OTG has chosen three pillars, based on the UN's 17 Sustainable Development Goals, for their strategy – climate and nature, circular solutions and social justice.

– Sustainability is a lot of different things at once, so we work in different ways within every issue. Some of our main goals are securing eco-friendly buildings operated by circular principles, while at the same time maintaining social justice within our own business and value chain, says Anders Nandrup Rylander.

– Examples include working to BREEAM-certify new and existing buildings, making sure tenants sort their waste and establishing production of renewable energy on a number of properties. We will evaluate our value chain as well, while establishing a strategy for equality and inclusion in our own business. 

Beehives and new technology 

Recently, Ski Storsenter, one of 90 shopping centers in the OTG portfolio, was awarded with the NCSC Sustainability Award for 2022. 

Sensors measuring energy use and smart waste solutions are just two of the reasons why the jury singled out the shopping center located just outside Oslo. In addition, beehives on the roof and a spacious garden surrounding the center, with 5,000 bee-friendly plants, takes the concept of sustainability down to its essential form.

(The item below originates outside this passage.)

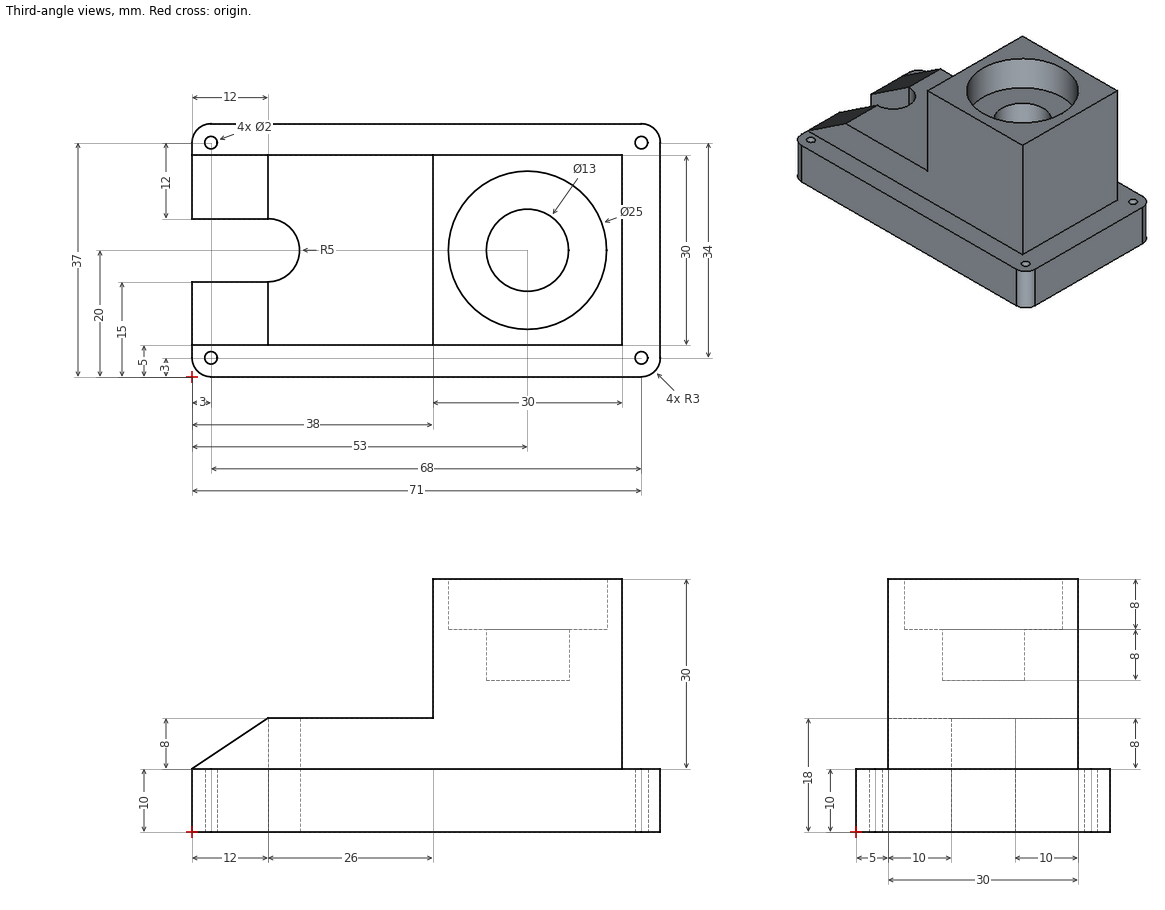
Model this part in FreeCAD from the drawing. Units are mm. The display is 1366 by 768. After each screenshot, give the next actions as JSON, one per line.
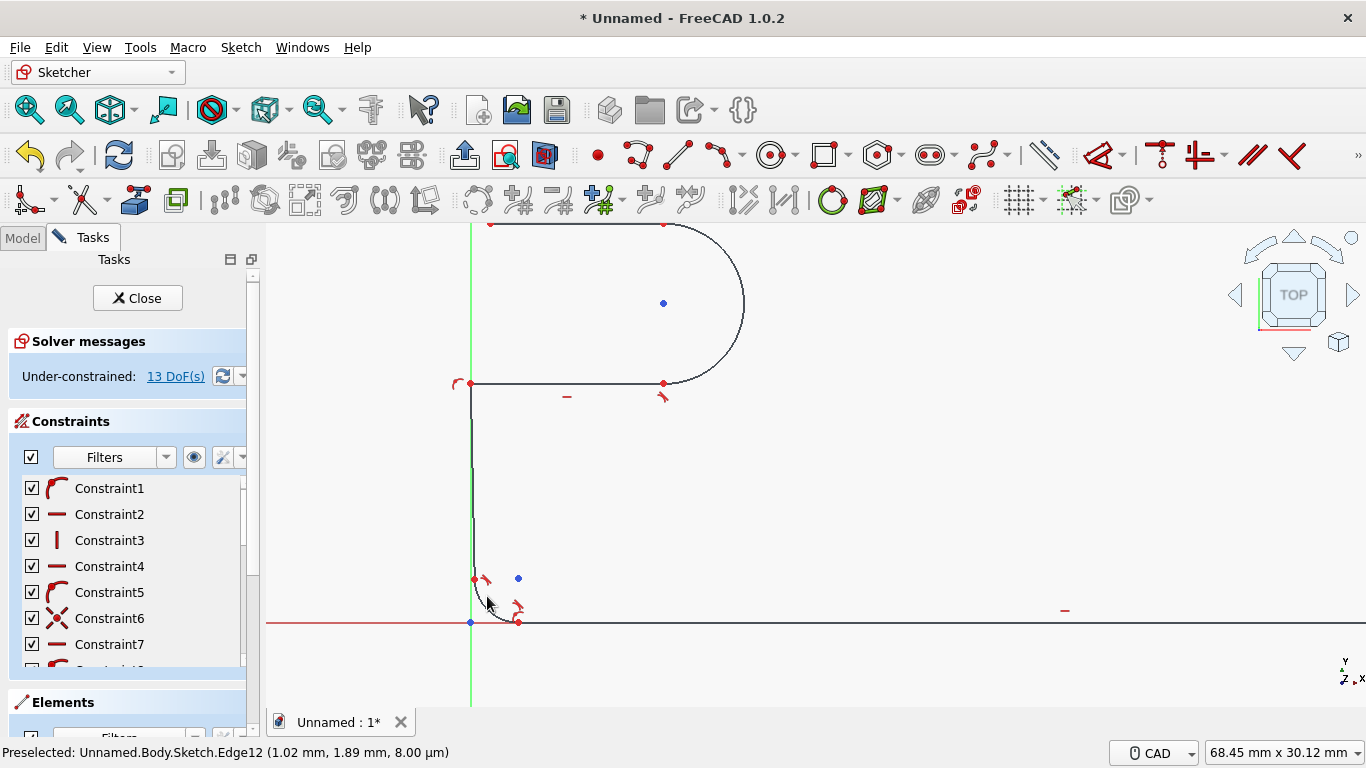
{"action": "scroll", "coordinate": [488, 599], "scroll_direction": "down", "scroll_amount": 4}

Thomas Rønning, Director of the Real Estate Division of OTG, is both proud and impressed with what the center has accomplished.

– Both the operational team and the management in Ski has gone into this with an impressing level of detail. There’s a lot of creativity and motivation behind this award, says Rønning. 

Infinite possibilities

Traditionally, the property business has been one of the main offenders when it comes to emissions and lack of a strategic approach to sustainability. While this is steadily changing, due to both customer awareness and stricter international policies, there are still challenges ahead, says Anders Nandrup Rylander.

– The biggest sustainability challenge in our industry is perhaps reuse of materials, especially building materials. The regulations that are underway may contribute to making this easier in the future. However, because it has been so strictly regulated, the industry lacks experience with reuse of materials. So it will probably take some time for us to fully embrace this. 

The sustainability advisor is nevertheless excited about the opportunities that arise with the green shift.

– Personally, I believe that in many ways we’re only at the beginning of a transition to sustainable solutions. That makes it a bit difficult to imagine all the possibilities, because there are probably an infinite number of them, says Rylander.

He elaborates:

– Technological development is perhaps the field I have the greatest expectations for. It can be as simple as getting several technical solutions to talk to each other, strengthening the effect from each individual measure. For example, connecting customer counters to ventilation control can potentially have an effect on the energy consumption of a building.